Werd`s auf jeden Fall bei Gelegenheit mal ausprobieren. Wär ja klasse, wenn`s funktioniert. Danke!#6 

Sascha


----------



## RUSSIA-4-EVER (25. Februar 2006)

*AW: Ein Trick Um Maden Mehr Als 2monate Aufbewahren Zu Können!!!!!*

Ne, die quält man doch nicht! Die schlafen glaub ich^^

Viel Spass!


----------



## Torsk_SH (25. Februar 2006)

*AW: Ein Trick Um Maden Mehr Als 2monate Aufbewahren Zu Können!!!!!*

2 Monate-- boh so lange halten die bei mir garnicht :q :q :q


----------



## Zanderfänger (25. Februar 2006)

*AW: Ein Trick Um Maden Mehr Als 2monate Aufbewahren Zu Können!!!!!*

Privet, lass Dir das Pattentieren #6


----------



## esox_105 (25. Februar 2006)

*AW: Ein Trick Um Maden Mehr Als 2monate Aufbewahren Zu Können!!!!!*

Schön und gut, aber ich gehe so oft angeln, daß ich die Maden nicht 2 Monate sondern höchstens 4 - 5 Tage aufbewaren muß. Und wenn schon, lass die Biester sich doch verpuppen, Caster sind auch ein guter Köder.


----------



## Adrian* (25. Februar 2006)

*AW: Ein Trick Um Maden Mehr Als 2monate Aufbewahren Zu Können!!!!!*

Ich tuh immer noch Trockennes Grundfutter vom Feeder'n rein, dadurch halten die über 2 Wochen, aber das mit der Folie werde ich mal probieren...


----------



## barta (25. Februar 2006)

*AW: Ein Trick Um Maden Mehr Als 2monate Aufbewahren Zu Können!!!!!*

außerdem bekommste nen liter neue maden für 6ois


----------



## SergioTübingen (25. Februar 2006)

*AW: Ein Trick Um Maden Mehr Als 2monate Aufbewahren Zu Können!!!!!*

das wär super.. ich ärger mich immer wenn ich alle 2 wochen neue maden kaufen muss und dann aus der dose im endeffekt nur 10 stück zum köderfischfangen benutzt hab..


----------



## Case (25. Februar 2006)

*AW: Ein Trick Um Maden Mehr Als 2monate Aufbewahren Zu Können!!!!!*



			
				barta schrieb:
			
		

> außerdem bekommste nen liter neue maden für 6ois



Was aber wenn ich nur ab und zu paar Maden brauch um meine Köderfische zu fangen.? Theoretisch würde mir so 'n Döschen Maden das ganze Jahr halten. 

Case


----------



## Zanderfänger (25. Februar 2006)

*AW: Ein Trick Um Maden Mehr Als 2monate Aufbewahren Zu Können!!!!!*



			
				Case schrieb:
			
		

> Was aber wenn ich nur ab und zu paar Maden brauch um meine Köderfische zu fangen.? Theoretisch würde mir so 'n Döschen Maden das ganze Jahr halten.
> 
> Case


|good: ...wollt ich vorhin auch schon sagen #h


----------



## plattform7 (25. Februar 2006)

*AW: Ein Trick Um Maden Mehr Als 2monate Aufbewahren Zu Können!!!!!*

Wenn die sich dann wirklich ohne "Qualitätverlust" so lange hältern lassen, dann wäre das supper, ich verbrauche ebenfalls manchmal nur ganz wenige, nicht das mir diese 60 Cent pro Dose zu Schade sind, aber die Fahrerei zum TD ist meist viel ärgerlicher und wenn man mal sponten am Sonntag los möchte, ist das auch nicht verkehrt, wenn man welche im Kühlschrank hat...

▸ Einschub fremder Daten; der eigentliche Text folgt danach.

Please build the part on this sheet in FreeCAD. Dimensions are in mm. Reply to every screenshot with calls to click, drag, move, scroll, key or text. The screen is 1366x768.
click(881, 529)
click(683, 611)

Also, spasibo   und ich werd´s ausprobieren....


----------



## Adrian* (25. Februar 2006)

*AW: Ein Trick Um Maden Mehr Als 2monate Aufbewahren Zu Können!!!!!*

Naja ich glaube nicht das die sich wirklich 1 Jahr halten...


----------



## SergioTübingen (25. Februar 2006)

*AW: Ein Trick Um Maden Mehr Als 2monate Aufbewahren Zu Können!!!!!*



			
				Adrian* schrieb:
			
		

> Naja ich glaube nicht das die sich wirklich 1 Jahr halten...


 
das hat ja auch keine behauptet  
nur eben, dass eine dose maden theoretisch ein jahr ausreichen würden..


----------



## Case (25. Februar 2006)

*AW: Ein Trick Um Maden Mehr Als 2monate Aufbewahren Zu Können!!!!!*



			
				Adrian* schrieb:
			
		

> Naja ich glaube nicht das die sich wirklich 1 Jahr halten...

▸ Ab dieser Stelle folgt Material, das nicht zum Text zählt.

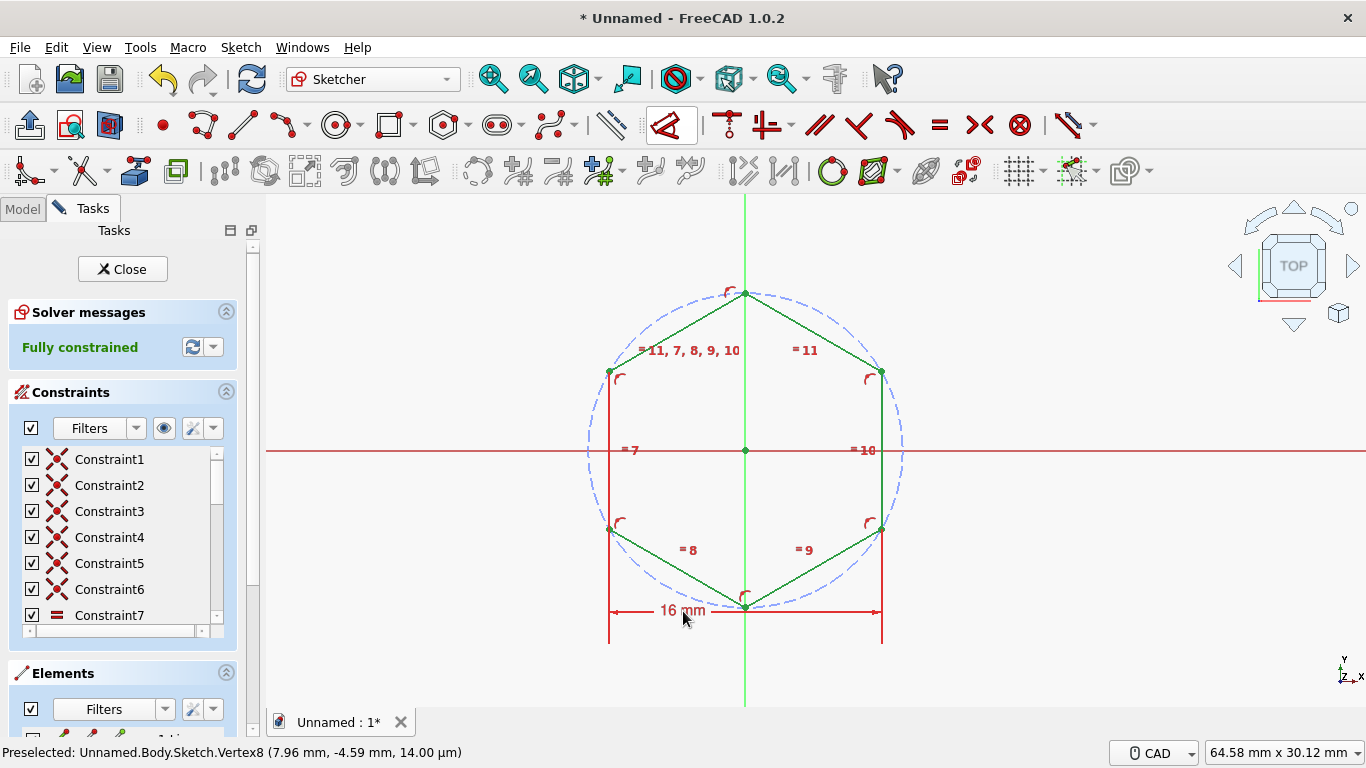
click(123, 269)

Drum schrieb ich theoretisch. Aber wenn ich nur 6 Dosen im Jahr kaufen muß statt 25, wär das schon viel wert. 

Case


----------



## Zanderfänger (25. Februar 2006)

*AW: Ein Trick Um Maden Mehr Als 2monate Aufbewahren Zu Können!!!!!*



			
				Adrian* schrieb:
			
		

> Naja ich glaube nicht das die sich wirklich 1 Jahr halten...


Lies mal was um 12:47 hier geschrieben wurde |supergri


----------



## Case (25. Februar 2006)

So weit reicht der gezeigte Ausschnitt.